BEGIN RECORDS FOR PROCESSING

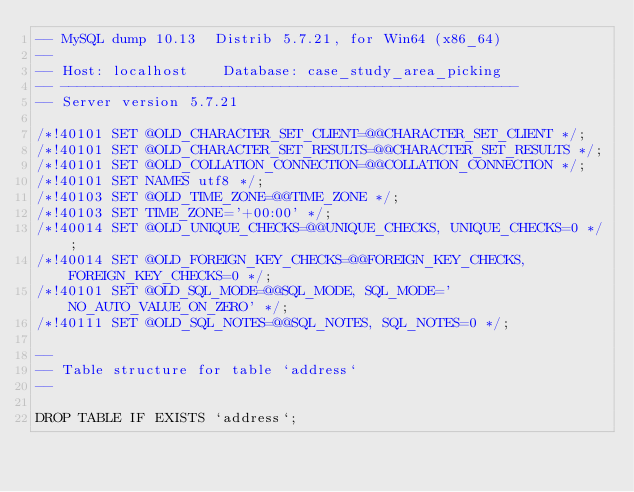<code> <loc_0><loc_0><loc_500><loc_500><_SQL_>-- MySQL dump 10.13  Distrib 5.7.21, for Win64 (x86_64)
--
-- Host: localhost    Database: case_study_area_picking
-- ------------------------------------------------------
-- Server version	5.7.21

/*!40101 SET @OLD_CHARACTER_SET_CLIENT=@@CHARACTER_SET_CLIENT */;
/*!40101 SET @OLD_CHARACTER_SET_RESULTS=@@CHARACTER_SET_RESULTS */;
/*!40101 SET @OLD_COLLATION_CONNECTION=@@COLLATION_CONNECTION */;
/*!40101 SET NAMES utf8 */;
/*!40103 SET @OLD_TIME_ZONE=@@TIME_ZONE */;
/*!40103 SET TIME_ZONE='+00:00' */;
/*!40014 SET @OLD_UNIQUE_CHECKS=@@UNIQUE_CHECKS, UNIQUE_CHECKS=0 */;
/*!40014 SET @OLD_FOREIGN_KEY_CHECKS=@@FOREIGN_KEY_CHECKS, FOREIGN_KEY_CHECKS=0 */;
/*!40101 SET @OLD_SQL_MODE=@@SQL_MODE, SQL_MODE='NO_AUTO_VALUE_ON_ZERO' */;
/*!40111 SET @OLD_SQL_NOTES=@@SQL_NOTES, SQL_NOTES=0 */;

--
-- Table structure for table `address`
--

DROP TABLE IF EXISTS `address`;</code>

END RECORDS FOR PROCESSING

→ **WORK TO COMPLETE**
The answer is to be the lines from the one holding "-- Host: localhost" through the end of the data above, transcribed character for character, both ends included.

→ **YOUR SOLUTION**
-- Host: localhost    Database: case_study_area_picking
-- ------------------------------------------------------
-- Server version	5.7.21

/*!40101 SET @OLD_CHARACTER_SET_CLIENT=@@CHARACTER_SET_CLIENT */;
/*!40101 SET @OLD_CHARACTER_SET_RESULTS=@@CHARACTER_SET_RESULTS */;
/*!40101 SET @OLD_COLLATION_CONNECTION=@@COLLATION_CONNECTION */;
/*!40101 SET NAMES utf8 */;
/*!40103 SET @OLD_TIME_ZONE=@@TIME_ZONE */;
/*!40103 SET TIME_ZONE='+00:00' */;
/*!40014 SET @OLD_UNIQUE_CHECKS=@@UNIQUE_CHECKS, UNIQUE_CHECKS=0 */;
/*!40014 SET @OLD_FOREIGN_KEY_CHECKS=@@FOREIGN_KEY_CHECKS, FOREIGN_KEY_CHECKS=0 */;
/*!40101 SET @OLD_SQL_MODE=@@SQL_MODE, SQL_MODE='NO_AUTO_VALUE_ON_ZERO' */;
/*!40111 SET @OLD_SQL_NOTES=@@SQL_NOTES, SQL_NOTES=0 */;

--
-- Table structure for table `address`
--

DROP TABLE IF EXISTS `address`;</code>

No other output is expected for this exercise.